Рассуждение начинает звучать элегией.
В полдень 9 июня во второй раз появился в лицее Александр I. Новый министр Голицын представил царю всех выпускаемых воспитанников. Снова, как и 19 октября 1811 года, в лицейском зале прозвучало имя Александра Пушкина. Но теперь его уже сопровождала слава первоклассного поэта, обласканного Державиным, Карамзиным и Жуковским.

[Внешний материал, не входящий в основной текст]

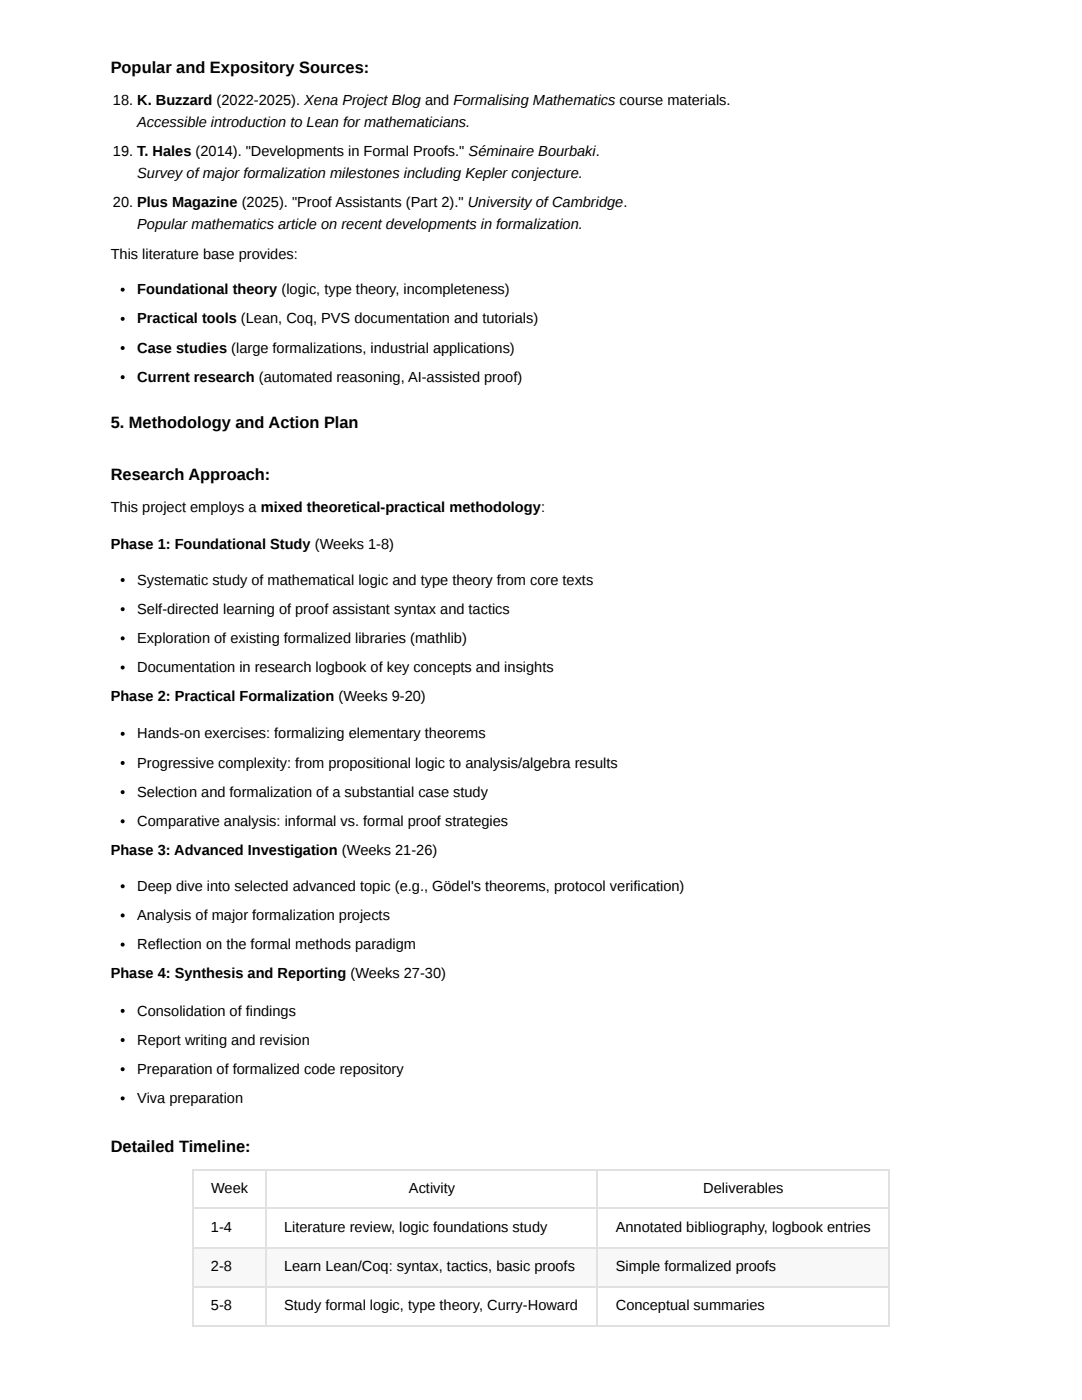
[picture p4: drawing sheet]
<svg xmlns="http://www.w3.org/2000/svg" width="216mm" height="279mm" viewBox="0 0 216 279" stroke-linecap="round" stroke-linejoin="round" font-family="sans-serif">
<defs><g id="words">
<g font-size="3.3">
<text x="22.1" y="14.6">Popular and Expository Sources:</text>
<text x="22.1" y="85.5">5. Methodology and Action Plan</text>
<text x="22.1" y="95.8">Research Approach:</text>
<text x="22.1" y="229.9">Detailed Timeline:</text>
</g>
<g font-size="2.9">
<text x="22.5" y="20.9">18. K. Buzzard (2022-2025). Xena Project Blog and Formalising Mathematics course materials.</text>
<text x="27.4" y="25.4">Accessible introduction to Lean for mathematicians.</text>
<text x="22.5" y="31.2">19. T. Hales (2014). &quot;Developments in Formal Proofs.&quot; Séminaire Bourbaki.</text>
<text x="27.4" y="35.5">Survey of major formalization milestones including Kepler conjecture.</text>
<text x="22.5" y="41.3">20. Plus Magazine (2025). &quot;Proof Assistants (Part 2).&quot; University of Cambridge.</text>
<text x="27.4" y="45.8">Popular mathematics article on recent developments in formalization.</text>
<text x="22.1" y="51.6">This literature base provides:</text>
<text x="27.4" y="58.7">Foundational theory (logic, type theory, incompleteness)</text>
<text x="27.4" y="64.6">Practical tools (Lean, Coq, PVS documentation and tutorials)</text>
<text x="27.4" y="70.4">Case studies (large formalizations, industrial applications)</text>
<text x="27.4" y="76.2">Current research (automated reasoning, AI-assisted proof)</text>
<text x="22.1" y="102.1">This project employs a mixed theoretical-practical methodology:</text>
<text x="22.1" y="109.5">Phase 1: Foundational Study (Weeks 1-8)</text>
<text x="27.4" y="116.7">Systematic study of mathematical logic and type theory from core texts</text>
<text x="27.4" y="122.5">Self-directed learning of proof assistant syntax and tactics</text>
<text x="27.4" y="128.3">Exploration of existing formalized libraries (mathlib)</text>
<text x="27.4" y="134.1">Documentation in research logbook of key concepts and insights</text>
<text x="22.1" y="140">Phase 2: Practical Formalization (Weeks 9-20)</text>
<text x="27.4" y="147.4">Hands-on exercises: formalizing elementary theorems</text>
<text x="27.4" y="153.2">Progressive complexity: from propositional logic to analysis/algebra results</text>
<text x="27.4" y="159">Selection and formalization of a substantial case study</text>
<text x="27.4" y="164.8">Comparative analysis: informal vs. formal proof strategies</text>
<text x="22.1" y="170.7">Phase 3: Advanced Investigation (Weeks 21-26)</text>
<text x="27.4" y="177.8">Deep dive into selected advanced topic (e.g., Gödel's theorems, protocol verification)</text>
<text x="27.4" y="183.6">Analysis of major formalization projects</text>
<text x="27.4" y="189.4">Reflection on the formal methods paradigm</text>
<text x="22.1" y="195.3">Phase 4: Synthesis and Reporting (Weeks 27-30)</text>
<text x="27.4" y="202.7">Consolidation of findings</text>
<text x="27.4" y="208.5">Report writing and revision</text>
<text x="27.4" y="214.3">Preparation of formalized code repository</text>
<text x="27.4" y="220.1">Viva preparation</text>
<text x="42.1" y="238.1">Week</text>
<text x="81.6" y="238.1">Activity</text>
<text x="140.3" y="238.1">Deliverables</text>
<text x="42.1" y="245.8">1-4</text>
<text x="56.7" y="245.8">Literature review, logic foundations study</text>
<text x="122.9" y="245.8">Annotated bibliography, logbook entries</text>
<text x="42.1" y="253.7">2-8</text>
<text x="56.7" y="253.7">Learn Lean/Coq: syntax, tactics, basic proofs</text>
<text x="122.9" y="253.7">Simple formalized proofs</text>
<text x="42.1" y="261.4">5-8</text>
<text x="56.7" y="261.4">Study formal logic, type theory, Curry-Howard</text>
<text x="122.9" y="261.4">Conceptual summaries</text>
</g>
</g></defs>
<g fill="#f6f8fa">
<path d="M38.6 249h14.6v7.9h-14.6z"/>
<path d="M53.2 249h66.1v7.9h-66.1z"/>
<path d="M119.3 249h58v7.9h-58z"/>
</g>
<g fill="#fff">
<path d="M38.6 256.9h14.6v7.7h-14.6z"/>
<path d="M53.2 256.9h66.1v7.7h-66.1z"/>
<path d="M119.3 256.9h58v7.7h-58z"/>
</g>
<path d="M38.4 233.5h139.1M38.5 233.4v31.2M53 233.4v31.2M119.2 233.4v31.2M177.4 233.4v31.2M38.4 241.2h139.1M38.4 249.1h139.1M38.4 256.8h139.1M38.4 264.7h139.1" fill="none" stroke="#dfe2e5" stroke-width=".26"/>
<g fill="#000">
<circle cx="24.5" cy="57.8" r=".4"/>
<circle cx="24.5" cy="69.5" r=".4"/>
<circle cx="24.5" cy="75.3" r=".4"/>
<circle cx="24.5" cy="63.6" r=".4"/>
<circle cx="24.5" cy="115.8" r=".4"/>
<circle cx="24.5" cy="121.6" r=".4"/>
<circle cx="24.5" cy="133.2" r=".4"/>
<circle cx="24.5" cy="127.4" r=".4"/>
<circle cx="24.5" cy="158.1" r=".4"/>
<circle cx="24.5" cy="152.3" r=".4"/>
<circle cx="24.5" cy="146.4" r=".4"/>
<circle cx="24.5" cy="163.9" r=".4"/>
<circle cx="24.5" cy="176.9" r=".4"/>
<circle cx="24.5" cy="188.5" r=".4"/>
<circle cx="24.5" cy="182.7" r=".4"/>
<circle cx="24.5" cy="207.6" r=".4"/>
<circle cx="24.5" cy="201.7" r=".4"/>
<circle cx="24.5" cy="213.4" r=".4"/>
<circle cx="24.5" cy="219.2" r=".4"/>
</g>
<use href="#words"/>
</svg>

Лицейское шестилетие мало дало Пушкину в плане учебных программ. В 1815 году Жуковский выражал свою тревогу за юного Пушкина: «Боюсь за него этого убийственного лицея, там учат дурно!» Впоследствии другой великий поэт и отчасти педагог, Мицкевич, так же зорко и верно писал о Царскосельском лицее: «В этом училище, направляемом иностранными методами, юноша не обучался ничему, что могло бы обратиться в пользу народному поэту; напротив, все могло содействовать обратному: он утрачивал остатки родных преданий; он становился чуждым и нравам и понятиям родным. Царскосельская молодежь нашла, однако ж, противоядие от иноплеменного влияния в чтении поэтических произведений Жуковского».
Авторитетность этого мнения не подлежит сомнению.
Широко вобравший традиции иезуитских школ, англо-библейской пропаганды, немецкого благочестия, французской светскости и даже австрийской разведки, лицей нес неизгладимые черты своего иноземного происхождения и своих реакционных задач. Из «двух культур» тогдашнего Запада высокопоставленные учредители и угодливые начальники лицея, не колеблясь, выбрали традицию сословного аристократизма, политической реакции и идейной контрреволюции. Это направление фактически поддерживал рядом мероприятий по военизации царскосельской школы и беспощадный враг всяческого «вольтерьянства» всесильный Аракчеев, лично назначенный в лицей главноначальствующим и всячески стремившийся приблизить гуманитарный институт к типу школы подпрапорщиков или юнкерского училища.
На совершенно иных путях развивалась свободная русская педагогическая мысль, проникавшая в лицей вопреки воле его основателя, представленная немногими профессорами и захватившая нескольких лучших и талантливейших воспитанников. Это была возникавшая декабристская педагогика. С ней постоянно боролись директора и главные наставники лицея, но именно она побеждала в сердцах и умах нескольких даровитейших лицеистов. Их было немного. Все прочие охотно шли официальным путем: Горчаков, Корф, Ломоносов, Стевен истово готовились к тем постам министров, губернаторов, послов, директоров департаментов, которые они вскоре и заняли.
Но первый лицейский курс навсегда облачили легендарной славой и лучезарной поэзией не это благоденствующее большинство, а отверженцы императорской России – Пушкин, Пущин, Дельвиг, Кюхельбекер, Вольховский, пренебрегшие чинами и почестями для творчества и борьбы. К лицею буквально применимы слова Герцена о русском обществе александровского времени: «Образование, ум, жажда воли – все это было теперь в другом поясе, в другой среде, не дворцовой; в ней была юность, отвага, ширь, поэзия, Пушкин, рубцы 1812 года, зеленые лавры и белые кресты…»
Так всегда считал и сам поэт. Лицей для него – это несколько друзей и память о Куницыне и Галиче. Остальное отвергнуто и забыто. «Европеизированный» дворянский институт, относившийся с величайшим пренебрежением к «мужицким» песням, резко прервал живую связь поэта с эпическими народными образами, так ярко озарившими мир его детства.
Все это национальное, народное, героическое проникало в лицей лишь через немногих «внешних» друзей старшего курса – первых декабристов и особенно через русскую литературу (как верно отметил Мицкевич). Стихи действительно спасали от официальной педагогики. Главным стимулом развития Пушкина в школьные годы было общение с крупными русскими писателями и молодой товарищеской средой, где уже развивались лирики различных направлений.